Hello there and happy RevMo (even if I am a bit late to the reviewing party)! I, a bold Knight of the Green Room, am here today to review you.

I read the first line and rejoiced because I love rhyming poems, and particularly rhyming poems with internal rhymes, and this poem is both.

Unfortunately, the rhyme starts to fall apart the further into the poem we go, which is a shame because you were off to such a good start with those first two lines. It's also not surprising since rhyming poetry is really difficult to do well, so hopefully I can help you pinpoint some ways to polish this up so that you can polish up the rest of the rhymes in this to match the loveliness of the flow in the first two lines.

Ultimately, rhyme relies on two things: the words that rhyme and a strong rhythm. Of these, the rhythm is actually quite a bit more important than the rhyming words, and it's the reason why "the pot is quite black and hot" doesn't feel like a rhyme as much as "the black pot is quite hot" does even though both phrases contain the exact same words. Additionally, with a strong enough rhythm, words that aren't exact rhymes can be made to feel like they're exact rhymes in what's called a slant rhyme.

Rhythm in poetry can be broken down a number of ways, and while the simplest method is to break words down into syllables, I'd recommend going a step further and breaking things down according to stresses.

Here's a whole guide to how to identify and use stresses, so I won't go over it in-depth here.

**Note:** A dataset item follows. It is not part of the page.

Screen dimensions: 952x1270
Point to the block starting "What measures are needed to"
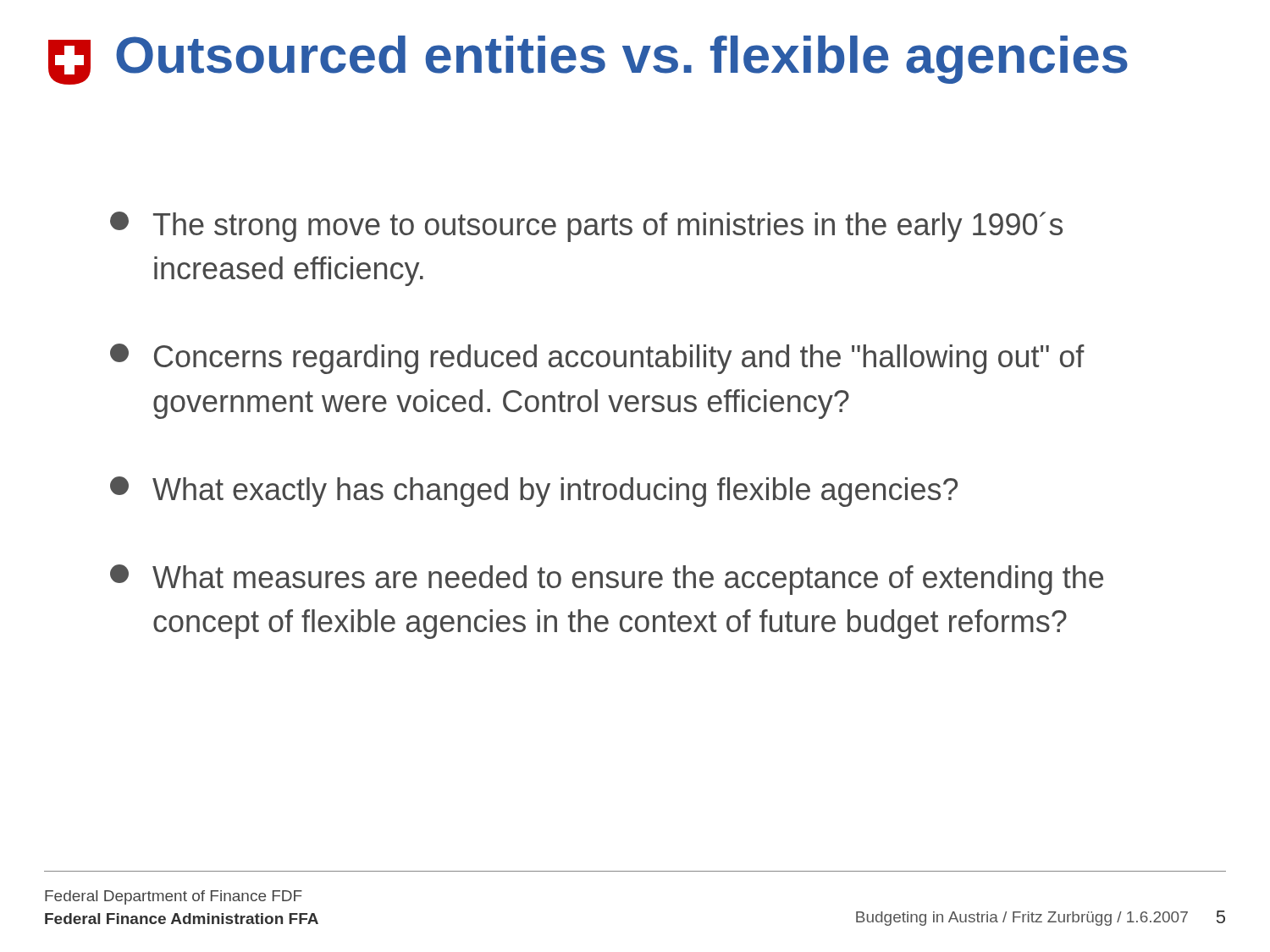(x=656, y=600)

So let's take a look at your first two lines and the stresses, with the stressed syllables in bold and syllables within words spaced out with *:

pixie dust and wander*lust
show me the path that few may tra*vel

The first line in particular works so well because it has the pattern of one stressed then two unstressed syllables (this pattern is called called dactylic), with the rhyming word on the second unstressed syllable. There's an extra unstressed syllable by the way of "and", but because it's an unstressed syllable, it doesn't mess with the flow, and it could also be read as there being a missing syllable at the end of that first line which also doesn't affect the flow.

The stresses in the second line are where things start to get a bit more messy, but it's still using the dactylic pattern for the first part before switching to one stressed and one unstressed (trochaic) after.

The third line is where the rhythm falls apart, without any clear pattern to it, and what I would recommend is matching the rhythm of the third line to that of the first line. For example, "footprints will show me if I must" is a lot closer to the rhythm and syllable counts established in the first line, and so the rhyme feels more solid as a result.

This poem has promise, and if you focused on working out the kinks in the rhythm, it'll make for a an even lovelier poem.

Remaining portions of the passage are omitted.